- MATERIALS PROVIDED:
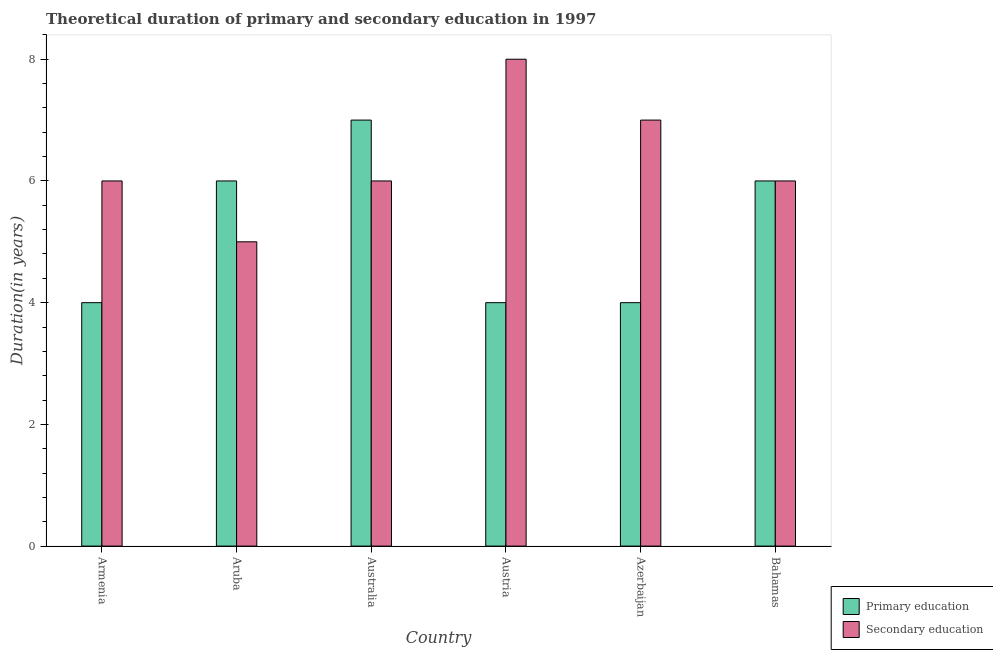How many groups of bars are there?
Make the answer very short. 6. Are the number of bars on each tick of the X-axis equal?
Your answer should be very brief. Yes. How many bars are there on the 5th tick from the left?
Offer a very short reply. 2. How many bars are there on the 4th tick from the right?
Offer a very short reply. 2. What is the label of the 1st group of bars from the left?
Your response must be concise. Armenia. What is the duration of primary education in Australia?
Your answer should be compact. 7. Across all countries, what is the maximum duration of secondary education?
Your answer should be compact. 8. Across all countries, what is the minimum duration of primary education?
Provide a succinct answer. 4. In which country was the duration of secondary education minimum?
Ensure brevity in your answer.  Aruba. What is the total duration of secondary education in the graph?
Offer a terse response. 38. What is the difference between the duration of primary education in Armenia and that in Australia?
Your response must be concise. -3. What is the difference between the duration of primary education in Aruba and the duration of secondary education in Austria?
Offer a terse response. -2. What is the average duration of primary education per country?
Provide a short and direct response. 5.17. What is the ratio of the duration of secondary education in Armenia to that in Bahamas?
Give a very brief answer. 1. What is the difference between the highest and the second highest duration of secondary education?
Provide a short and direct response. 1. What is the difference between the highest and the lowest duration of primary education?
Ensure brevity in your answer.  3. In how many countries, is the duration of primary education greater than the average duration of primary education taken over all countries?
Offer a very short reply. 3. What does the 1st bar from the left in Armenia represents?
Provide a succinct answer. Primary education. What does the 1st bar from the right in Austria represents?
Provide a succinct answer. Secondary education. How many bars are there?
Your answer should be compact. 12. What is the difference between two consecutive major ticks on the Y-axis?
Offer a terse response. 2. Are the values on the major ticks of Y-axis written in scientific E-notation?
Your answer should be very brief. No. Does the graph contain any zero values?
Keep it short and to the point. No. Does the graph contain grids?
Ensure brevity in your answer.  No. How are the legend labels stacked?
Offer a terse response. Vertical. What is the title of the graph?
Offer a very short reply. Theoretical duration of primary and secondary education in 1997. What is the label or title of the Y-axis?
Keep it short and to the point. Duration(in years). What is the Duration(in years) in Primary education in Aruba?
Keep it short and to the point. 6. What is the Duration(in years) of Secondary education in Australia?
Ensure brevity in your answer.  6. What is the Duration(in years) of Primary education in Austria?
Ensure brevity in your answer.  4. What is the Duration(in years) in Primary education in Bahamas?
Give a very brief answer. 6. Across all countries, what is the maximum Duration(in years) in Primary education?
Give a very brief answer. 7. Across all countries, what is the minimum Duration(in years) in Secondary education?
Your answer should be compact. 5. What is the difference between the Duration(in years) of Primary education in Armenia and that in Aruba?
Keep it short and to the point. -2. What is the difference between the Duration(in years) in Secondary education in Armenia and that in Aruba?
Make the answer very short. 1. What is the difference between the Duration(in years) in Primary education in Armenia and that in Australia?
Provide a short and direct response. -3. What is the difference between the Duration(in years) of Primary education in Armenia and that in Azerbaijan?
Offer a very short reply. 0. What is the difference between the Duration(in years) of Secondary education in Armenia and that in Azerbaijan?
Give a very brief answer. -1. What is the difference between the Duration(in years) in Primary education in Armenia and that in Bahamas?
Your response must be concise. -2. What is the difference between the Duration(in years) of Primary education in Aruba and that in Australia?
Make the answer very short. -1. What is the difference between the Duration(in years) of Secondary education in Aruba and that in Australia?
Offer a very short reply. -1. What is the difference between the Duration(in years) of Primary education in Aruba and that in Austria?
Make the answer very short. 2. What is the difference between the Duration(in years) of Primary education in Aruba and that in Azerbaijan?
Ensure brevity in your answer.  2. What is the difference between the Duration(in years) in Primary education in Aruba and that in Bahamas?
Provide a short and direct response. 0. What is the difference between the Duration(in years) in Primary education in Australia and that in Austria?
Your answer should be compact. 3. What is the difference between the Duration(in years) of Secondary education in Australia and that in Austria?
Provide a succinct answer. -2. What is the difference between the Duration(in years) in Primary education in Australia and that in Azerbaijan?
Your response must be concise. 3. What is the difference between the Duration(in years) in Primary education in Australia and that in Bahamas?
Ensure brevity in your answer.  1. What is the difference between the Duration(in years) in Secondary education in Australia and that in Bahamas?
Offer a terse response. 0. What is the difference between the Duration(in years) of Primary education in Austria and that in Azerbaijan?
Provide a succinct answer. 0. What is the difference between the Duration(in years) in Secondary education in Austria and that in Azerbaijan?
Provide a succinct answer. 1. What is the difference between the Duration(in years) of Secondary education in Austria and that in Bahamas?
Your answer should be very brief. 2. What is the difference between the Duration(in years) in Secondary education in Azerbaijan and that in Bahamas?
Provide a short and direct response. 1. What is the difference between the Duration(in years) of Primary education in Armenia and the Duration(in years) of Secondary education in Aruba?
Keep it short and to the point. -1. What is the difference between the Duration(in years) of Primary education in Armenia and the Duration(in years) of Secondary education in Azerbaijan?
Provide a short and direct response. -3. What is the difference between the Duration(in years) of Primary education in Aruba and the Duration(in years) of Secondary education in Australia?
Give a very brief answer. 0. What is the difference between the Duration(in years) in Primary education in Aruba and the Duration(in years) in Secondary education in Austria?
Offer a very short reply. -2. What is the difference between the Duration(in years) of Primary education in Aruba and the Duration(in years) of Secondary education in Bahamas?
Give a very brief answer. 0. What is the difference between the Duration(in years) of Primary education in Australia and the Duration(in years) of Secondary education in Austria?
Make the answer very short. -1. What is the difference between the Duration(in years) of Primary education in Australia and the Duration(in years) of Secondary education in Azerbaijan?
Ensure brevity in your answer.  0. What is the difference between the Duration(in years) in Primary education in Austria and the Duration(in years) in Secondary education in Azerbaijan?
Your answer should be compact. -3. What is the difference between the Duration(in years) in Primary education in Azerbaijan and the Duration(in years) in Secondary education in Bahamas?
Keep it short and to the point. -2. What is the average Duration(in years) in Primary education per country?
Provide a short and direct response. 5.17. What is the average Duration(in years) in Secondary education per country?
Your answer should be very brief. 6.33. What is the difference between the Duration(in years) of Primary education and Duration(in years) of Secondary education in Armenia?
Your response must be concise. -2. What is the difference between the Duration(in years) of Primary education and Duration(in years) of Secondary education in Azerbaijan?
Offer a terse response. -3. What is the ratio of the Duration(in years) in Primary education in Armenia to that in Aruba?
Your answer should be compact. 0.67. What is the ratio of the Duration(in years) of Secondary education in Armenia to that in Aruba?
Provide a succinct answer. 1.2. What is the ratio of the Duration(in years) of Primary education in Armenia to that in Australia?
Your answer should be compact. 0.57. What is the ratio of the Duration(in years) of Secondary education in Armenia to that in Australia?
Provide a short and direct response. 1. What is the ratio of the Duration(in years) in Secondary education in Armenia to that in Austria?
Your answer should be compact. 0.75. What is the ratio of the Duration(in years) of Primary education in Armenia to that in Bahamas?
Your answer should be compact. 0.67. What is the ratio of the Duration(in years) of Secondary education in Armenia to that in Bahamas?
Give a very brief answer. 1. What is the ratio of the Duration(in years) in Secondary education in Aruba to that in Australia?
Your answer should be very brief. 0.83. What is the ratio of the Duration(in years) of Primary education in Aruba to that in Bahamas?
Ensure brevity in your answer.  1. What is the ratio of the Duration(in years) in Secondary education in Aruba to that in Bahamas?
Your response must be concise. 0.83. What is the ratio of the Duration(in years) of Primary education in Australia to that in Austria?
Provide a succinct answer. 1.75. What is the ratio of the Duration(in years) of Secondary education in Australia to that in Austria?
Make the answer very short. 0.75. What is the ratio of the Duration(in years) of Primary education in Australia to that in Azerbaijan?
Provide a succinct answer. 1.75. What is the ratio of the Duration(in years) of Secondary education in Austria to that in Azerbaijan?
Ensure brevity in your answer.  1.14. What is the ratio of the Duration(in years) in Primary education in Austria to that in Bahamas?
Your answer should be compact. 0.67. What is the ratio of the Duration(in years) in Secondary education in Azerbaijan to that in Bahamas?
Your answer should be compact. 1.17. What is the difference between the highest and the second highest Duration(in years) of Primary education?
Offer a very short reply. 1. What is the difference between the highest and the second highest Duration(in years) of Secondary education?
Provide a succinct answer. 1. 
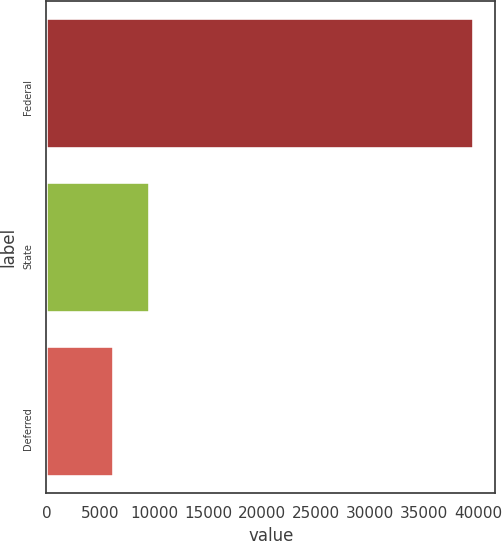Convert chart. <chart><loc_0><loc_0><loc_500><loc_500><bar_chart><fcel>Federal<fcel>State<fcel>Deferred<nl><fcel>39624<fcel>9569.4<fcel>6230<nl></chart> 
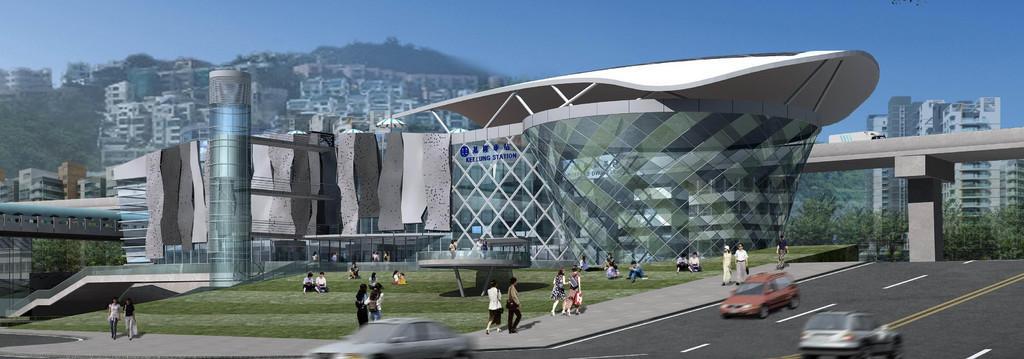Describe this image in one or two sentences. It looks like an edited image there is a road at the bottom. There are vehicles, people, grass and buildings in the foreground. There is a bridge, there are trees and buildings on the right corner. There are buildings and trees in the background. And there is sky at the top. 
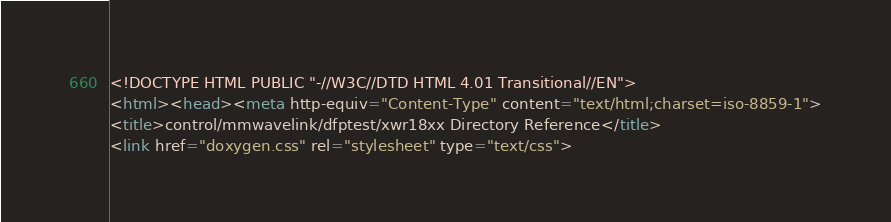<code> <loc_0><loc_0><loc_500><loc_500><_HTML_><!DOCTYPE HTML PUBLIC "-//W3C//DTD HTML 4.01 Transitional//EN">
<html><head><meta http-equiv="Content-Type" content="text/html;charset=iso-8859-1">
<title>control/mmwavelink/dfptest/xwr18xx Directory Reference</title>
<link href="doxygen.css" rel="stylesheet" type="text/css"></code> 
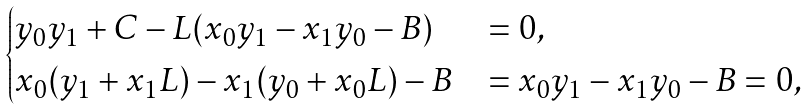Convert formula to latex. <formula><loc_0><loc_0><loc_500><loc_500>\begin{cases} y _ { 0 } y _ { 1 } + C - L ( x _ { 0 } y _ { 1 } - x _ { 1 } y _ { 0 } - B ) & = 0 , \\ x _ { 0 } ( y _ { 1 } + x _ { 1 } L ) - x _ { 1 } ( y _ { 0 } + x _ { 0 } L ) - B & = x _ { 0 } y _ { 1 } - x _ { 1 } y _ { 0 } - B = 0 , \end{cases}</formula> 
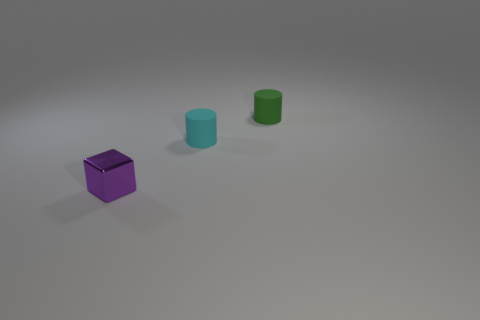Are there an equal number of tiny purple things behind the tiny purple object and tiny cylinders that are in front of the green thing?
Your answer should be compact. No. How many brown objects are cubes or small rubber cylinders?
Provide a succinct answer. 0. What number of purple cubes are the same size as the purple thing?
Offer a terse response. 0. Are there more purple metal blocks on the left side of the green cylinder than red objects?
Your answer should be very brief. Yes. Is there a yellow matte object?
Provide a short and direct response. No. What number of big things are either green rubber cylinders or blue cubes?
Provide a succinct answer. 0. There is a green object that is the same material as the tiny cyan cylinder; what shape is it?
Offer a terse response. Cylinder. What is the shape of the tiny cyan matte object?
Offer a terse response. Cylinder. What shape is the rubber object right of the rubber thing left of the small cylinder that is to the right of the cyan cylinder?
Give a very brief answer. Cylinder. What shape is the rubber thing that is behind the cyan matte thing?
Your answer should be very brief. Cylinder. 
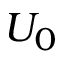Convert formula to latex. <formula><loc_0><loc_0><loc_500><loc_500>U _ { 0 }</formula> 
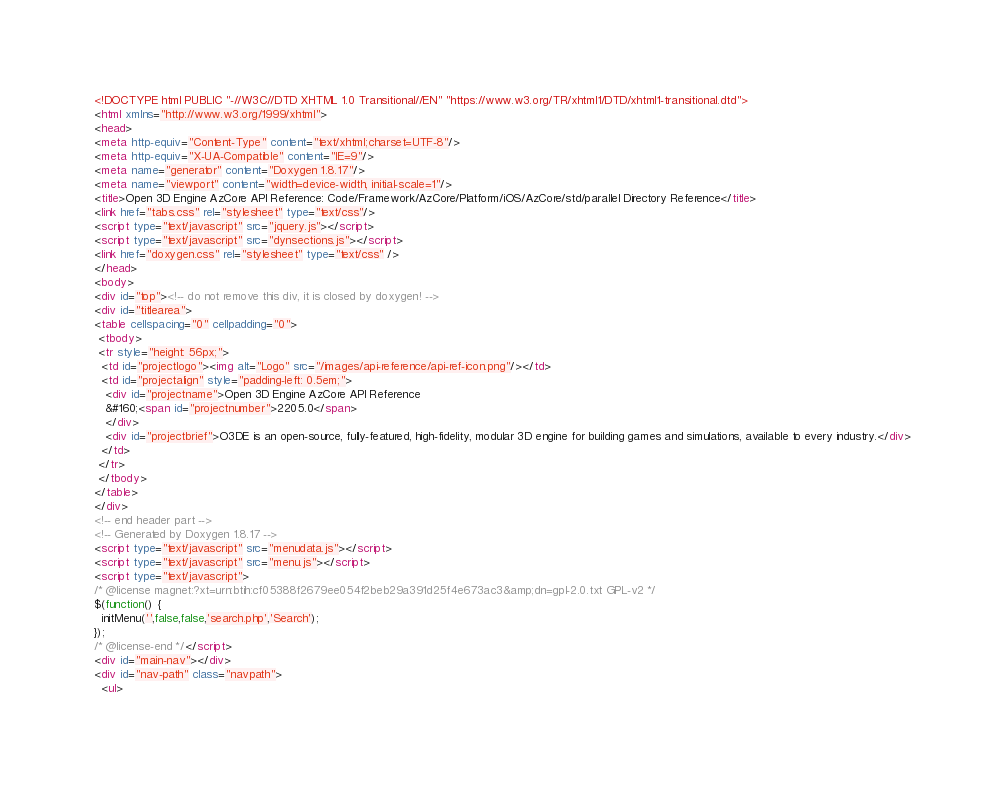Convert code to text. <code><loc_0><loc_0><loc_500><loc_500><_HTML_><!DOCTYPE html PUBLIC "-//W3C//DTD XHTML 1.0 Transitional//EN" "https://www.w3.org/TR/xhtml1/DTD/xhtml1-transitional.dtd">
<html xmlns="http://www.w3.org/1999/xhtml">
<head>
<meta http-equiv="Content-Type" content="text/xhtml;charset=UTF-8"/>
<meta http-equiv="X-UA-Compatible" content="IE=9"/>
<meta name="generator" content="Doxygen 1.8.17"/>
<meta name="viewport" content="width=device-width, initial-scale=1"/>
<title>Open 3D Engine AzCore API Reference: Code/Framework/AzCore/Platform/iOS/AzCore/std/parallel Directory Reference</title>
<link href="tabs.css" rel="stylesheet" type="text/css"/>
<script type="text/javascript" src="jquery.js"></script>
<script type="text/javascript" src="dynsections.js"></script>
<link href="doxygen.css" rel="stylesheet" type="text/css" />
</head>
<body>
<div id="top"><!-- do not remove this div, it is closed by doxygen! -->
<div id="titlearea">
<table cellspacing="0" cellpadding="0">
 <tbody>
 <tr style="height: 56px;">
  <td id="projectlogo"><img alt="Logo" src="/images/api-reference/api-ref-icon.png"/></td>
  <td id="projectalign" style="padding-left: 0.5em;">
   <div id="projectname">Open 3D Engine AzCore API Reference
   &#160;<span id="projectnumber">2205.0</span>
   </div>
   <div id="projectbrief">O3DE is an open-source, fully-featured, high-fidelity, modular 3D engine for building games and simulations, available to every industry.</div>
  </td>
 </tr>
 </tbody>
</table>
</div>
<!-- end header part -->
<!-- Generated by Doxygen 1.8.17 -->
<script type="text/javascript" src="menudata.js"></script>
<script type="text/javascript" src="menu.js"></script>
<script type="text/javascript">
/* @license magnet:?xt=urn:btih:cf05388f2679ee054f2beb29a391d25f4e673ac3&amp;dn=gpl-2.0.txt GPL-v2 */
$(function() {
  initMenu('',false,false,'search.php','Search');
});
/* @license-end */</script>
<div id="main-nav"></div>
<div id="nav-path" class="navpath">
  <ul></code>

- EXERCISE BRIEF: Only exact copies of the lines from the one containing "<!-- end header part -->" to the end of the records belong in the answer.

- SOLUTION:
<!-- end header part -->
<!-- Generated by Doxygen 1.8.17 -->
<script type="text/javascript" src="menudata.js"></script>
<script type="text/javascript" src="menu.js"></script>
<script type="text/javascript">
/* @license magnet:?xt=urn:btih:cf05388f2679ee054f2beb29a391d25f4e673ac3&amp;dn=gpl-2.0.txt GPL-v2 */
$(function() {
  initMenu('',false,false,'search.php','Search');
});
/* @license-end */</script>
<div id="main-nav"></div>
<div id="nav-path" class="navpath">
  <ul></code>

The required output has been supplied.